With more Canadians buying smart phones than ever before, the number of mobile devices will reach epic proportions, according to one of the country’s biggest research firms.
Some $6 billion will be spent on mobile devices in 2012, IDC Canada said Thursday in revealing predictions for the technology industry in 2012.
“By the end of 2012 we expect the install base of smart phones to be equal to portable PCs,” said Lars Goransson, group vice-president and general manager at IDC Canada. “Mobile devices account for less than 15 per cent of spending in Canada, but (also) a third of spending growth.”
IDC also predicts that the mobile platform will begin truly eclipse the PC in 2012 in terms of adoption and programming focus. Tony Olvet, group vice-president of research, attributed this call to growing adoption of the HTML5 environment which will lead to “more cross-pollination of innovation.” He also said that voice commands will see the same sort of cross-platform mass adoption as touch did previously and that the Android phone selection will be bolstered by a variety of new devices on both the super phone and budget end of the spectrum.
Olvet also said that, because of this adoption and focus on mobile, there will be increased focus by Canadian business in supporting mobile payments and online integration in brick and mortar shops. As a way to combat the genesis of the augmented reality phenomenon, stores will begin implementing more contextual coupon programs of their own design. “Brick and mortar retailers will fight scan and scram with in-store offer management mobile apps,” he said.
The predictions also suggest there will be for more upheaval in the Canadian cellular industry thanks to new players bidding for mobile spectrum in upcoming auctions,. “The election of the (majority) Harper government will lead the way to a (revising) of the foreign ownership legislation,” said Olvet.

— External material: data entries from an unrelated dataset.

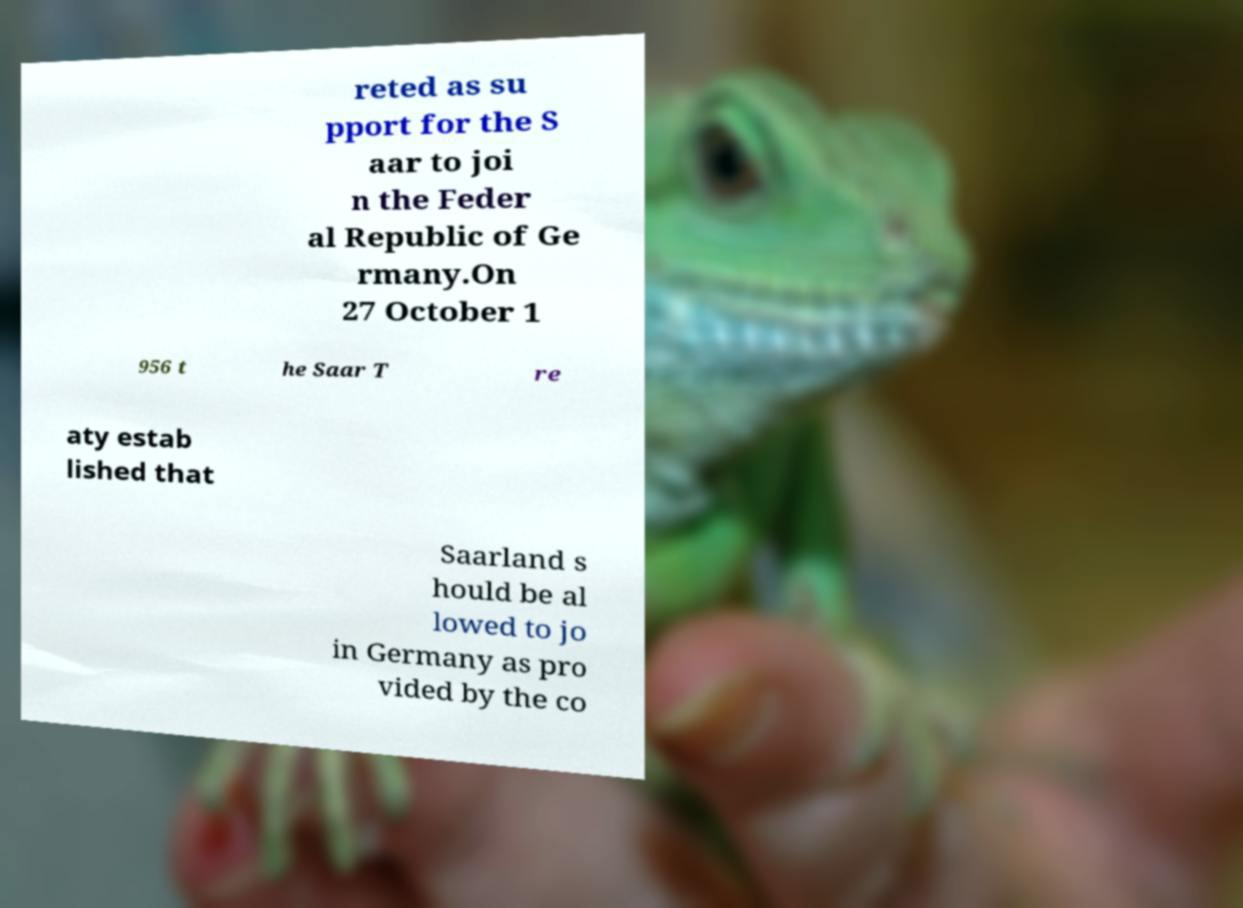What messages or text are displayed in this image? I need them in a readable, typed format. reted as su pport for the S aar to joi n the Feder al Republic of Ge rmany.On 27 October 1 956 t he Saar T re aty estab lished that Saarland s hould be al lowed to jo in Germany as pro vided by the co 
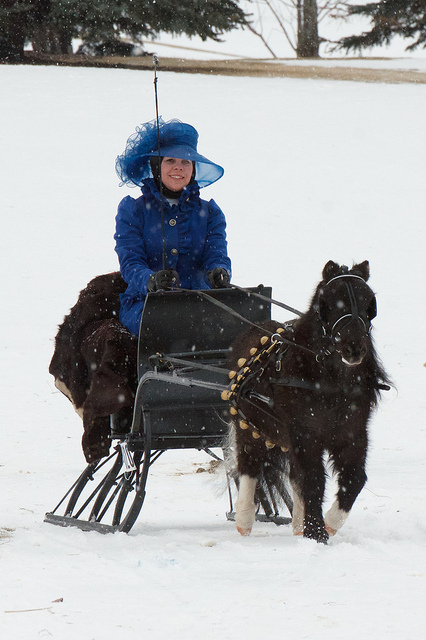Describe the vehicle the person is riding in. The person is seated on a traditional, simple sled known as a cutter, which is designed to glide over snow and is pulled by the pony. In what kind of events might you find this type of sled and pony? Such sleds and ponies can often be seen in winter festivals, holiday parades, or sleigh rallies, offering a nostalgic mode of transportation and entertainment. 
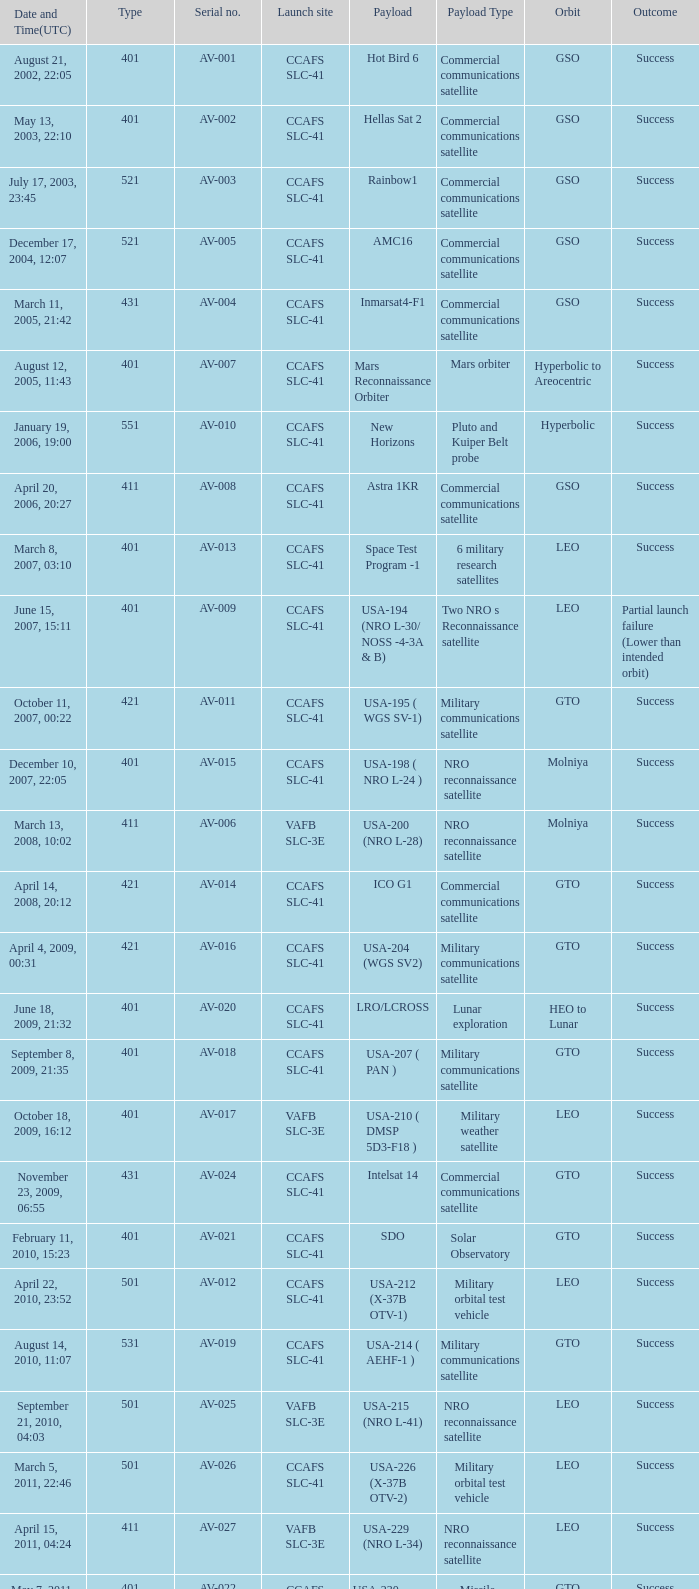For the payload of Van Allen Belts Exploration what's the serial number? AV-032.

Both Liberal and Conservative governments have promised to overhaul the foreign ownership restrictions in the Telecommunications Act, which limit non-Canadians to owning about 46 per cent directly and indirectly of a Canadian wired or wireless carrier.
The Harper government even narrowed it down to three options for public review. Since then, however, the government has said it can’t change the law until it decides who will be eligible to buy spectrum in the upcoming 700 MHz auction. That auction will be hotly-contested.
There’s little doubt the Harper government wants to liberalize the foreign ownership restrictions, but the question is how far. One option is to allow carriers with a small percentage of the market to sell up to 49 per cent of their companies to non-Canadians. Another is to take off all restrictions on these carriers. A third option is to take controls off completely.
Elsewhere, IDC also believes that pure play offshore vendors in Canada will break a billion dollars with at least five pure plays each bringing in a hundred million each. Goransson said that “offshoring estimates 14.3 per cent growth for 2012 through 2015.”
It also thinks 2012 will see more gains in cloud application development, including a lot of traditional on-premise software makers acquiring cloud specialists. “The land grab is underway,” Olvet said. This will lead, in part, to a new breed of channel partner for 2012, something IDC dubbed “partner 2.0”. “Cloud, mobility, economics of channel, shifting skill demands and customer confusion will drive this,” he said. “Forty-seven per cent of partners believe cloud computing is forcing a wholesale change in their business model.”
Finally, IDC forsees a further refinement in analytics 2012, having reached its “moneyball moment,” and that “social-lytics” — analytics derived from social media — will transcend hype and become profitable. “The window for succeeding through analytics is a fast moving one,” Olvet said. “(It) needs to move beyond analysts and the back office…to the front-line staff, in the store, in the field.” Now that analytics are being adopted en masse, it will take a full company-wide implementation to maintain the edge they provide.